Python frameworks automate the execution of many operations and provide developers with a foundation for application development.
Each framework has its own set of modules or packages that considerably shorten development time. Python frameworks are classified as full-stack, micro, or asynchronous.
Before delving into the popular Python frameworks in-depth, let’s first define the different sorts of frameworks
Libraries
A module is a file containing Python code, while a package is a directory containing sub-packages and modules. However, the distinction between a package and a Python library is hazy.
A Python library is a reusable piece of code that you may use in your applications or projects.
In contrast to languages such as C++ or C, Python libraries are not context-specific. A ‘library’ in this context refers to a collection of essential components.
A library is, in essence, a collection of modules. A package is a library that can be installed with the help of package management such as RubyGems or npm.
NumPy and Pandas for Data Analysis
Pandas and NumPy are two of the most popular Python data analysis packages. They provide a wide range of capabilities, from simple actions like slicing and dicing to more complicated operations like reshaping and grouping. Finding a quick and effective approach to examine your data is the most important challenge in data science. It might be difficult to choose one library over another, especially when they are comparable. Both provide a wide range of functionality, but their architecture, function, syntax, and language fundamentally differ. Let’s look at the fundamental distinctions between Pandas and NumPy.
Matplotlib for Data Visualization
Matplotlib is a multi-platform data visualization package based on NumPy arrays and designed to operate with the SciPy stack as a whole. John Hunter invented it in 2002, and the Space Telescope Science Institute adopted it in 2003. It is well-known for its compatibility with a wide range of operating systems and graphics backends, and it supports dozens of backends and output formats. It has a significant user base as well as an active developer community. Matplotlib’s interface and aesthetics have begun to show their age in recent years.

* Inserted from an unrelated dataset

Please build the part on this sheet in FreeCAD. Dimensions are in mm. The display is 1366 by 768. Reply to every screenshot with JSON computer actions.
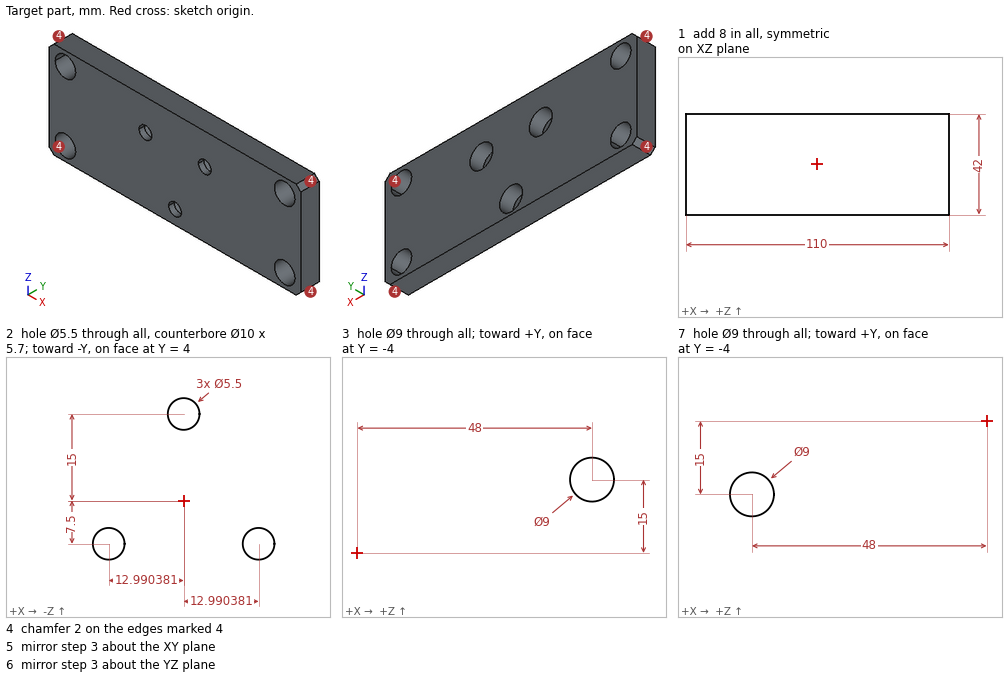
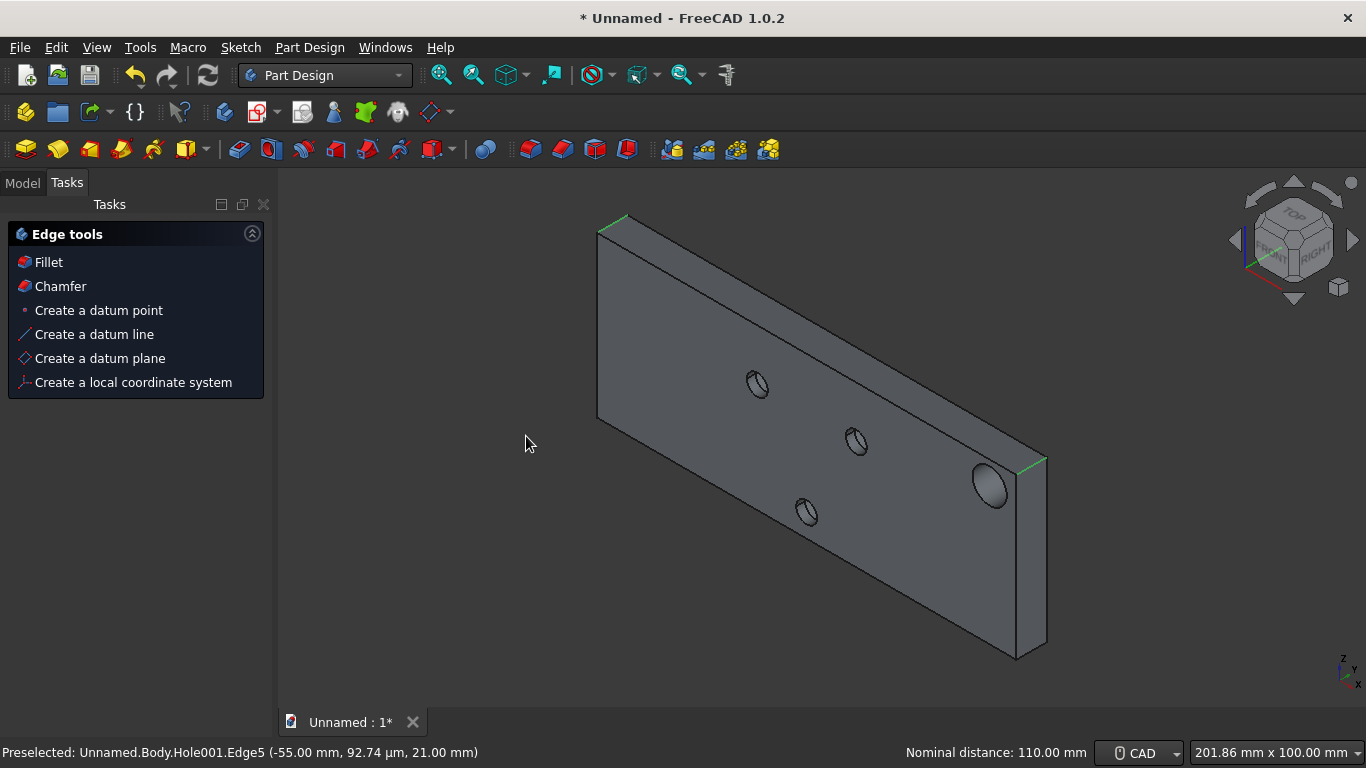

Matplotlib is a tried-and-true cross-platform graphics engine designed to make it easy to define new global charting styles. New R languages tools like ggplot and ggvis, as well as online visualization toolkits based on D3js and HTML5 canvas, may make Matplotlib feel clumsy and out-of-date. However, it remains an important component of the data visualization stack, even as new tools force the community to abandon direct use of the Matplotlib API.
Flask for Web Development
Python is a lightweight Python web framework that allows developers to construct Python-based online applications. It is extensible and does not need a certain directory structure or boilerplate code. Flask may also be used to provide additional capabilities to online applications, such as database storage and web form validation.
Django for Web Development
Django is a high-level Python web framework that promotes quick development and clean, pragmatic design. It was built by professional developers to take care of most of the pain of web development, so you can focus on building your app instead of reinventing the wheel. It’s free and open source.
Django was created to assist developers in completing applications as rapidly as possible.
Some of the busiest websites on the internet make use of Django’s ability to expand swiftly and flexibly.
Django takes security seriously and assists developers in avoiding numerous typical security blunders.